[Stored records]
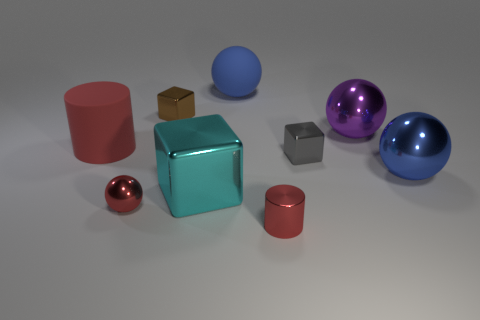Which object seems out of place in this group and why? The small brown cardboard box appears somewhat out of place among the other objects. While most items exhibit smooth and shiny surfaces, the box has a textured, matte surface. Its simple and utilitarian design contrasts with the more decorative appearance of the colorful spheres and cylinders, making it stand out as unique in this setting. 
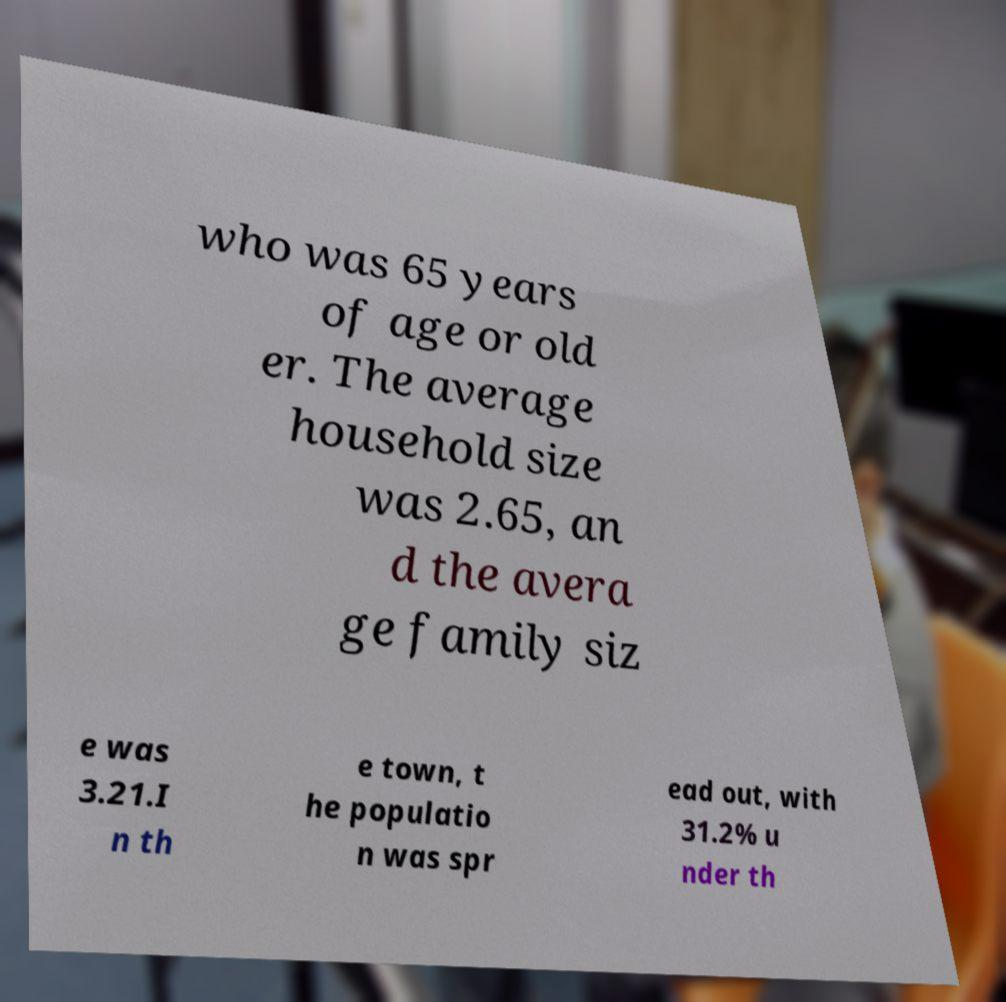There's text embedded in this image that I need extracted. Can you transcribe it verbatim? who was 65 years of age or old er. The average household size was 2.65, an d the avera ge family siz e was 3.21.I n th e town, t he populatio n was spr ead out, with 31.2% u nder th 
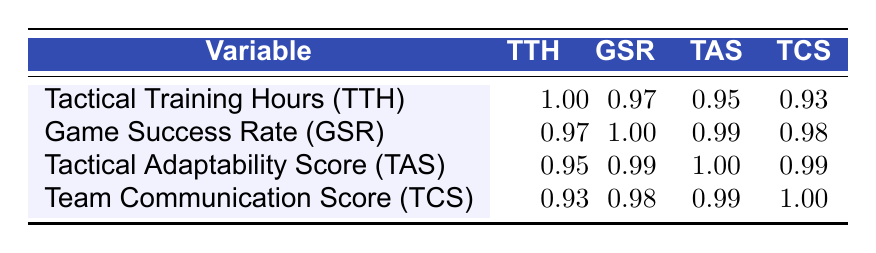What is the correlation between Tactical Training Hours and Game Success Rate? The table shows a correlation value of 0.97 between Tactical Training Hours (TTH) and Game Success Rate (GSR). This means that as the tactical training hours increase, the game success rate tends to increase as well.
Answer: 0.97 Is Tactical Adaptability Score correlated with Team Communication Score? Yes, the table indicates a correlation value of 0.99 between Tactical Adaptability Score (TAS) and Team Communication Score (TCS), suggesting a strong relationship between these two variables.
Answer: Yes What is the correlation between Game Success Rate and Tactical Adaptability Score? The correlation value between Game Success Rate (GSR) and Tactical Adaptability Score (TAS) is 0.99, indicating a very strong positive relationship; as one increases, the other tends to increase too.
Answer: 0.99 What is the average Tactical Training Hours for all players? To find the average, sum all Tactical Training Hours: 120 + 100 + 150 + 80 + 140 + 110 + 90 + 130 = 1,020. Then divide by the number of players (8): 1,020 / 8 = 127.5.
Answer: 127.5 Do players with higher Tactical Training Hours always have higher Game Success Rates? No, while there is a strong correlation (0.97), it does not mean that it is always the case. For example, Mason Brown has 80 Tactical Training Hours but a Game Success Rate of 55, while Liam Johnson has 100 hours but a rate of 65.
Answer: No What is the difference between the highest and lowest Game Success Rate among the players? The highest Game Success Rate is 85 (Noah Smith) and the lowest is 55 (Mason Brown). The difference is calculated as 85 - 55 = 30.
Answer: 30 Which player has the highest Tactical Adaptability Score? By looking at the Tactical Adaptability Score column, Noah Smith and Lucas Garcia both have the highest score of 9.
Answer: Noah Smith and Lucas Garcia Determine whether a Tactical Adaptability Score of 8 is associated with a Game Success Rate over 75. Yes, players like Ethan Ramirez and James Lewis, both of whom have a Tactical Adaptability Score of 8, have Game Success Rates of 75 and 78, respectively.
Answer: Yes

# Brief:
Could you set down the records above word for word, without any of the pictures?

# Output for this exercise:
Which object seems out of place in this group and why? The small brown cardboard box appears somewhat out of place among the other objects. While most items exhibit smooth and shiny surfaces, the box has a textured, matte surface. Its simple and utilitarian design contrasts with the more decorative appearance of the colorful spheres and cylinders, making it stand out as unique in this setting. 
There's text embedded in this image that I need extracted. Can you transcribe it verbatim? who was 65 years of age or old er. The average household size was 2.65, an d the avera ge family siz e was 3.21.I n th e town, t he populatio n was spr ead out, with 31.2% u nder th 
What is the correlation between Tactical Training Hours and Game Success Rate? The table shows a correlation value of 0.97 between Tactical Training Hours (TTH) and Game Success Rate (GSR). This means that as the tactical training hours increase, the game success rate tends to increase as well.
Answer: 0.97 Is Tactical Adaptability Score correlated with Team Communication Score? Yes, the table indicates a correlation value of 0.99 between Tactical Adaptability Score (TAS) and Team Communication Score (TCS), suggesting a strong relationship between these two variables.
Answer: Yes What is the correlation between Game Success Rate and Tactical Adaptability Score? The correlation value between Game Success Rate (GSR) and Tactical Adaptability Score (TAS) is 0.99, indicating a very strong positive relationship; as one increases, the other tends to increase too.
Answer: 0.99 What is the average Tactical Training Hours for all players? To find the average, sum all Tactical Training Hours: 120 + 100 + 150 + 80 + 140 + 110 + 90 + 130 = 1,020. Then divide by the number of players (8): 1,020 / 8 = 127.5.
Answer: 127.5 Do players with higher Tactical Training Hours always have higher Game Success Rates? No, while there is a strong correlation (0.97), it does not mean that it is always the case. For example, Mason Brown has 80 Tactical Training Hours but a Game Success Rate of 55, while Liam Johnson has 100 hours but a rate of 65.
Answer: No What is the difference between the highest and lowest Game Success Rate among the players? The highest Game Success Rate is 85 (Noah Smith) and the lowest is 55 (Mason Brown). The difference is calculated as 85 - 55 = 30.
Answer: 30 Which player has the highest Tactical Adaptability Score? By looking at the Tactical Adaptability Score column, Noah Smith and Lucas Garcia both have the highest score of 9.
Answer: Noah Smith and Lucas Garcia Determine whether a Tactical Adaptability Score of 8 is associated with a Game Success Rate over 75. Yes, players like Ethan Ramirez and James Lewis, both of whom have a Tactical Adaptability Score of 8, have Game Success Rates of 75 and 78, respectively.
Answer: Yes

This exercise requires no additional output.